# Using bind to cache steam and other downloads via nginx



## Yasser (May 31, 2017)

Hi, im a noob in caching and i have question about how to use bind to respond to nginx cache, how do i configure a bind to listen to nginx,  i have seen some examples of bind configs but i cant figure out how to work.


----------



## SirDice (May 31, 2017)

Erm,  BIND is used for DNS name resolving, it has absolutely nothing to do with serving web content. Please explain exactly what you want to do.


----------



## Yasser (May 31, 2017)

SirDice said:


> Erm,  BIND is used for DNS name resolving, it has absolutely nothing to do with serving web content. Please explain exactly what you want to do.


I want to do a lancache server for my games on steam, but all I could find is some references to nginx with bind to make it work, I don't know if I could link the Github in here.


----------



## SirDice (May 31, 2017)

By all means, if you have a link to the document you're following, please post it.


----------



## Yasser (May 31, 2017)

SirDice said:


> By all means, if you have a link to the document you're following, please post it.


http://blog.multiplay.co.uk/2014/04/lancache-dynamically-caching-game-installs-at-lans-using-nginx/
This site is using freebsd to cache all games, but they say it needs dns resolving pointing to nginx and the only thing i found about dns resolver is bind, im trying to configure it to point to the nginx lancache but i cant figure out how.
Ps: Sorry for broken english.


----------



## SirDice (May 31, 2017)

Ah, the "trick" they're using is to set up BIND in such a way that if your computer, for example, tries to connect to cs.steampowered.com, instead of resolving it to the actual, real, internet IP address, it resolves to the IP address of your local nginx. So you're basically tricking your Steam client to connect to your nginx instance instead of the "real" address.

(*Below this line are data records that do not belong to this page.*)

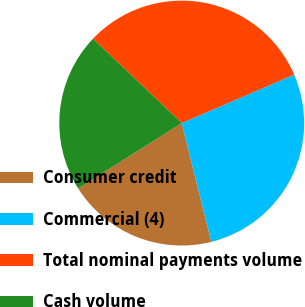<chart> <loc_0><loc_0><loc_500><loc_500><pie_chart><fcel>Consumer credit<fcel>Commercial (4)<fcel>Total nominal payments volume<fcel>Cash volume<nl><fcel>19.92%<fcel>27.59%<fcel>31.42%<fcel>21.07%<nl></chart> 
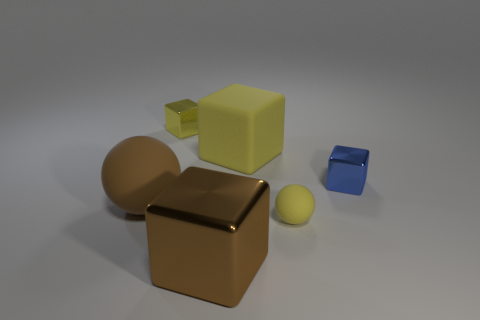What size is the sphere that is the same color as the big metal thing?
Keep it short and to the point. Large. Do the cube in front of the small blue shiny cube and the matte thing in front of the large brown rubber thing have the same size?
Keep it short and to the point. No. Is the number of yellow objects less than the number of brown cubes?
Offer a very short reply. No. What number of metallic blocks are behind the blue shiny object?
Provide a short and direct response. 1. What material is the blue cube?
Your response must be concise. Metal. Does the small rubber ball have the same color as the matte cube?
Provide a short and direct response. Yes. Are there fewer tiny objects to the right of the large shiny object than big metal blocks?
Ensure brevity in your answer.  No. There is a matte object left of the brown shiny object; what is its color?
Your response must be concise. Brown. The yellow shiny thing has what shape?
Provide a short and direct response. Cube. Are there any rubber things that are behind the tiny object in front of the blue metallic thing behind the brown metal thing?
Ensure brevity in your answer.  Yes. 
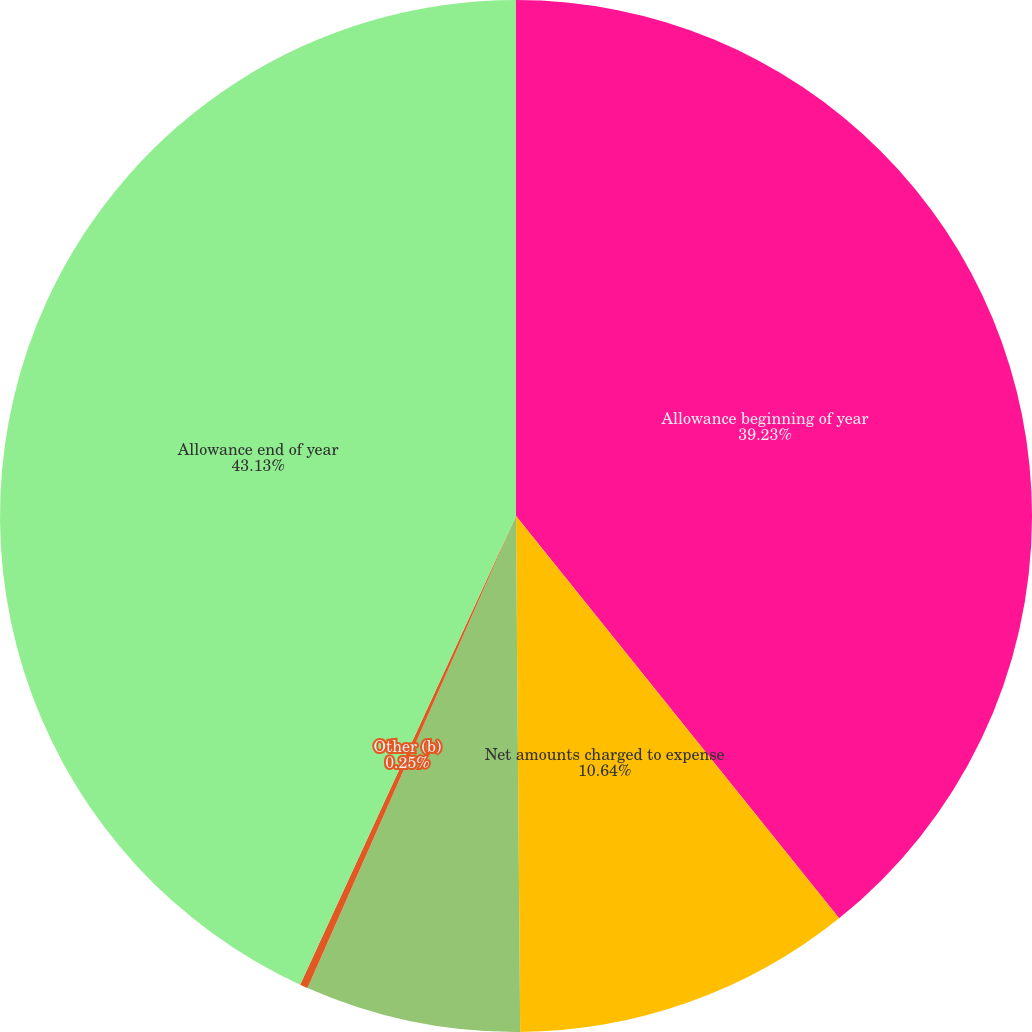Convert chart to OTSL. <chart><loc_0><loc_0><loc_500><loc_500><pie_chart><fcel>Allowance beginning of year<fcel>Net amounts charged to expense<fcel>Deductions (a)<fcel>Other (b)<fcel>Allowance end of year<nl><fcel>39.23%<fcel>10.64%<fcel>6.75%<fcel>0.25%<fcel>43.13%<nl></chart> 
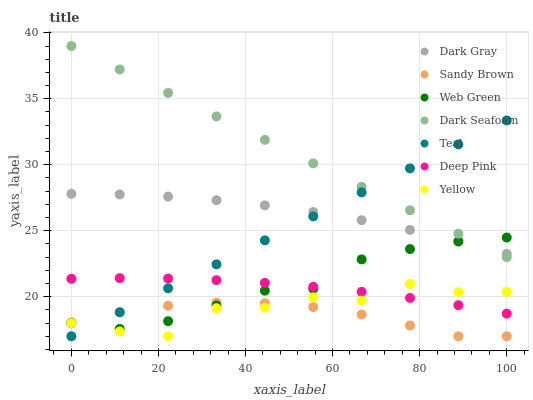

Instead of BIND I would suggest using dns/unbound as it's a lot easier to create those "fake" entries. BIND can be a bit of a pain to set up, especially if you've never done anything like this before.


----------



## Yasser (May 31, 2017)

SirDice said:


> Ah, the "trick" they're using is to set up BIND in such a way that if your computer, for example, tries to connect to cs.steampowered.com, instead of resolving it to the actual, real, internet IP address, it resolves to the IP address of your local nginx. So you're basically tricking your Steam client to connect to your nginx instance instead of the "real" address.
> 
> Instead of BIND I would suggest using dns/unbound as it's a lot easier to create those "fake" entries. BIND can be a bit of a pain to set up, especially if you've never done anything like this before.


Thank you very much, ill look into it.


----------